Towards Debiasing NLU Models from Unknown Biases

NLU models often exploit biases to achieve high dataset-specific performance without properly learning the intended task. Recently proposed debiasing methods are shown to be effective in mitigating this tendency. However, these methods rely on a major assumption that the types of bias should be known a-priori, which limits their application to many NLU tasks and datasets. In this work, we present the first step to bridge this gap by introducing a self-debiasing framework that prevents models from mainly utilizing biases without knowing them in advance. The proposed framework is general and complementary to the existing debiasing methods. We show that it allows these existing methods to retain the improvement on the challenge datasets (i.e., sets of examples designed to expose models' reliance on biases) without specifically targeting certain biases. Furthermore, the evaluation suggests that applying the framework results in improved overall robustness.

Mind the Trade-off: Debiasing NLU Models without Degrading the In-distribution Performance

Models for natural language understanding (NLU) tasks often rely on the idiosyncratic biases of the dataset, which make them brittle against test cases outside the training distribution. Recently, several proposed debiasing methods are shown to be very effective in improving out-of-distribution performance. However, their improvements come at the expense of performance drop when models are evaluated on the in-distribution data, which contain examples with higher diversity. This seemingly inevitable trade-off may not tell us much about the changes in the reasoning and understanding capabilities of the resulting models on broader types of examples beyond the small subset represented in the out-of-distribution data. In this paper, we address this trade-off by introducing a novel debiasing method, called confidence regularization, which discourage models from exploiting biases while enabling them to receive enough incentive to learn from all the training examples. We evaluate our method on three NLU tasks and show that, in contrast to its predecessors, it improves the performance on out-of-distribution datasets (e.g., 7pp gain on HANS dataset) while maintaining the original in-distribution accuracy.

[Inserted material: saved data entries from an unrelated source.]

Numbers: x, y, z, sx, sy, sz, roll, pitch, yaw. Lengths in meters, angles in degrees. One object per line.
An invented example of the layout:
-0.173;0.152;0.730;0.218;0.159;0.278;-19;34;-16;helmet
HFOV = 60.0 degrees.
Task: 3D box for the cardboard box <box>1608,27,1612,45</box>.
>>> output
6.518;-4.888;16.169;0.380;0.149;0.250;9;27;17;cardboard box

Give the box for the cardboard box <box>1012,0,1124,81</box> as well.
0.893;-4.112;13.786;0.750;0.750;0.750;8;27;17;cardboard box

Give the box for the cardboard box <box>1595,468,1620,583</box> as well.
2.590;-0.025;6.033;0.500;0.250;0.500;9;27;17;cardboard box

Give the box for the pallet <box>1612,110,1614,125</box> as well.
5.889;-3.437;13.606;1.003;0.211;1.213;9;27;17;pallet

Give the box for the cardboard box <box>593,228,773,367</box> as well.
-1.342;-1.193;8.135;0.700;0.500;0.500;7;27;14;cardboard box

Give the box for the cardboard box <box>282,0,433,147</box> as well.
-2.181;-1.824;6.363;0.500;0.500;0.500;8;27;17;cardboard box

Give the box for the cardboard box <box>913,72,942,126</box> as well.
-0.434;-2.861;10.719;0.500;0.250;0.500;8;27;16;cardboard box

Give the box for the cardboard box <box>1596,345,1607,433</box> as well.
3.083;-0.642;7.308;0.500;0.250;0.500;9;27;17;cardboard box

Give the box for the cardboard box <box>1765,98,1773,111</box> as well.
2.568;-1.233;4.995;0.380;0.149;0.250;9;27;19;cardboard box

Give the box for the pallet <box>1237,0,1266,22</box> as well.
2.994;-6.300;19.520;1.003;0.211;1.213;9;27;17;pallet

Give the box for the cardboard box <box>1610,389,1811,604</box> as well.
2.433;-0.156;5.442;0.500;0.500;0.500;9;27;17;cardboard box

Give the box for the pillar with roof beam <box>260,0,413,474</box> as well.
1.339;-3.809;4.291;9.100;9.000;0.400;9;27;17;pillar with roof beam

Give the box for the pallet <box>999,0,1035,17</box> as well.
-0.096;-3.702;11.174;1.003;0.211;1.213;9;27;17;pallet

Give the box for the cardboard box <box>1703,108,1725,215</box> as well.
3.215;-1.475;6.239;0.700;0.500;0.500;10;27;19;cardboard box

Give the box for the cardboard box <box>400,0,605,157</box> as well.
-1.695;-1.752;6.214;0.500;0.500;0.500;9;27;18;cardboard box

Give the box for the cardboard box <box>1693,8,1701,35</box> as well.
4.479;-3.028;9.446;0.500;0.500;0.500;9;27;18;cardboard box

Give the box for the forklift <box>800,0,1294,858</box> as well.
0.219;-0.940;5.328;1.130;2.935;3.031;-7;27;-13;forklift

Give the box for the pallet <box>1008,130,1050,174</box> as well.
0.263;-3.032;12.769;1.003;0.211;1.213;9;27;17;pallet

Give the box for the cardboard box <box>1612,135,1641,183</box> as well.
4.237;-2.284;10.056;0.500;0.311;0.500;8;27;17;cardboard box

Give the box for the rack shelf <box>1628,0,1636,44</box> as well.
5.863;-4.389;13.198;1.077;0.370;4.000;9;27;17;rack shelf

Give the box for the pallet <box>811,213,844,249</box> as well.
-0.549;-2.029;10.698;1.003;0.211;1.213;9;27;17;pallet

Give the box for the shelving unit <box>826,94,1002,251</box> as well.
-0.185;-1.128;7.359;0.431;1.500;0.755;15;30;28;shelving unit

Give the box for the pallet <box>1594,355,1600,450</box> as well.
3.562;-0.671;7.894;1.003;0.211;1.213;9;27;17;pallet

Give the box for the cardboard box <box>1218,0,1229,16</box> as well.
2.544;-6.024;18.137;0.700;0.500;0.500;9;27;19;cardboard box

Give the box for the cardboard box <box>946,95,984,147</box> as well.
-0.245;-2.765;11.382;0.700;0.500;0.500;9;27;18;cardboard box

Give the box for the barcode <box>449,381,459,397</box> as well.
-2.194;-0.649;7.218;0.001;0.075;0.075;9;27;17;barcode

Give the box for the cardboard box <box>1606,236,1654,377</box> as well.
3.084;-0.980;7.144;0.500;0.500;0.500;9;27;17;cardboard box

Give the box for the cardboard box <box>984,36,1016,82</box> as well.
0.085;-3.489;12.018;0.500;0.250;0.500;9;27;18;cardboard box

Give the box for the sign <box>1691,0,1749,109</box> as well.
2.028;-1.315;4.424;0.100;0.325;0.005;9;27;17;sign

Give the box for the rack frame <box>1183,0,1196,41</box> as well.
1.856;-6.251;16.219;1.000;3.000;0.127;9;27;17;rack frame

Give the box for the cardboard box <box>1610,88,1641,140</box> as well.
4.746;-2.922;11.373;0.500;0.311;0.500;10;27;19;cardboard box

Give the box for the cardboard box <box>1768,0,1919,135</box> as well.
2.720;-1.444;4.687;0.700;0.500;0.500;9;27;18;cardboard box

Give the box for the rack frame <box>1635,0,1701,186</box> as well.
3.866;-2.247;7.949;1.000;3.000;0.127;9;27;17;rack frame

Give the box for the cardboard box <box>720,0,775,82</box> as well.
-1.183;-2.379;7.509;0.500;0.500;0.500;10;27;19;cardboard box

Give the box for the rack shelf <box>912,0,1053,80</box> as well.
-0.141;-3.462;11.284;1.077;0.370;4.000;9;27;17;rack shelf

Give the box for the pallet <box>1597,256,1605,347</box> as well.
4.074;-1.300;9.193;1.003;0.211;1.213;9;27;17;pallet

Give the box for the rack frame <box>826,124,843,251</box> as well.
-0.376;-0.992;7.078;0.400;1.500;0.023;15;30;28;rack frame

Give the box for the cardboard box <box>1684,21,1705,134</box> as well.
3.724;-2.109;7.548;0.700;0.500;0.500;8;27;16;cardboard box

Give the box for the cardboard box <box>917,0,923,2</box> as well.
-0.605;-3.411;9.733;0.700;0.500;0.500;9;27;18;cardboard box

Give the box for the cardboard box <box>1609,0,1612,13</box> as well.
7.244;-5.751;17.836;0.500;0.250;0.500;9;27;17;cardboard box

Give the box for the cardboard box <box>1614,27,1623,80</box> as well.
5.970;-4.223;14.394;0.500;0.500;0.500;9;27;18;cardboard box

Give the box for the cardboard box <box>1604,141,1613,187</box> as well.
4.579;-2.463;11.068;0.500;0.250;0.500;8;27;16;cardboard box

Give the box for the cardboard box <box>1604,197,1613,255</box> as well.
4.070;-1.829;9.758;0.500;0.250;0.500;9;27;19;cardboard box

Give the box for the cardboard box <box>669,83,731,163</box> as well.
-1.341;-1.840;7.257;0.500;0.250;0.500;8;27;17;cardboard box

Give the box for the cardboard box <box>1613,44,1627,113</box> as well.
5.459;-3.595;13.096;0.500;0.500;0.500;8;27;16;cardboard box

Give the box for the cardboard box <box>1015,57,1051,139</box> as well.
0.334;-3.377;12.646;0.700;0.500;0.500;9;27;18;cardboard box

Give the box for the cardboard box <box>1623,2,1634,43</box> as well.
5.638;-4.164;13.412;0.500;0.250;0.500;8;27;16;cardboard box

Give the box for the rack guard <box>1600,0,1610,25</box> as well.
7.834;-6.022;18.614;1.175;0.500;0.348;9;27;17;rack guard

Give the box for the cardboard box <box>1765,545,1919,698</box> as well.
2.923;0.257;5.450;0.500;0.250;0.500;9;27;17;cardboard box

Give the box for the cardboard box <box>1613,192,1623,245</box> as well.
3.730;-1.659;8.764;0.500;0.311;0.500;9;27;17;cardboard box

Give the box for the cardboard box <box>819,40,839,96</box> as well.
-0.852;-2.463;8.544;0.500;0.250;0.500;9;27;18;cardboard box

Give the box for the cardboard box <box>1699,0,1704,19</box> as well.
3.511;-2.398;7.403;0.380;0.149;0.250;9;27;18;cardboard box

Improving Generalization by Incorporating Coverage in Natural Language Inference

The task of natural language inference (NLI) is to identify the relation between the given premise and hypothesis. While recent NLI models achieve very high performance on individual datasets, they fail to generalize across similar datasets. This indicates that they are solving NLI datasets instead of the task itself. In order to improve generalization, we propose to extend the input representations with an abstract view of the relation between the hypothesis and the premise, i.e., how well the individual words, or word n-grams, of the hypothesis are covered by the premise. Our experiments show that the use of this information considerably improves generalization across different NLI datasets without requiring any external knowledge or additional data. Finally, we show that using the coverage information is not only beneficial for improving the performance across different datasets of the same task. The resulting generalization improves the performance across datasets that belong to similar but not the same tasks.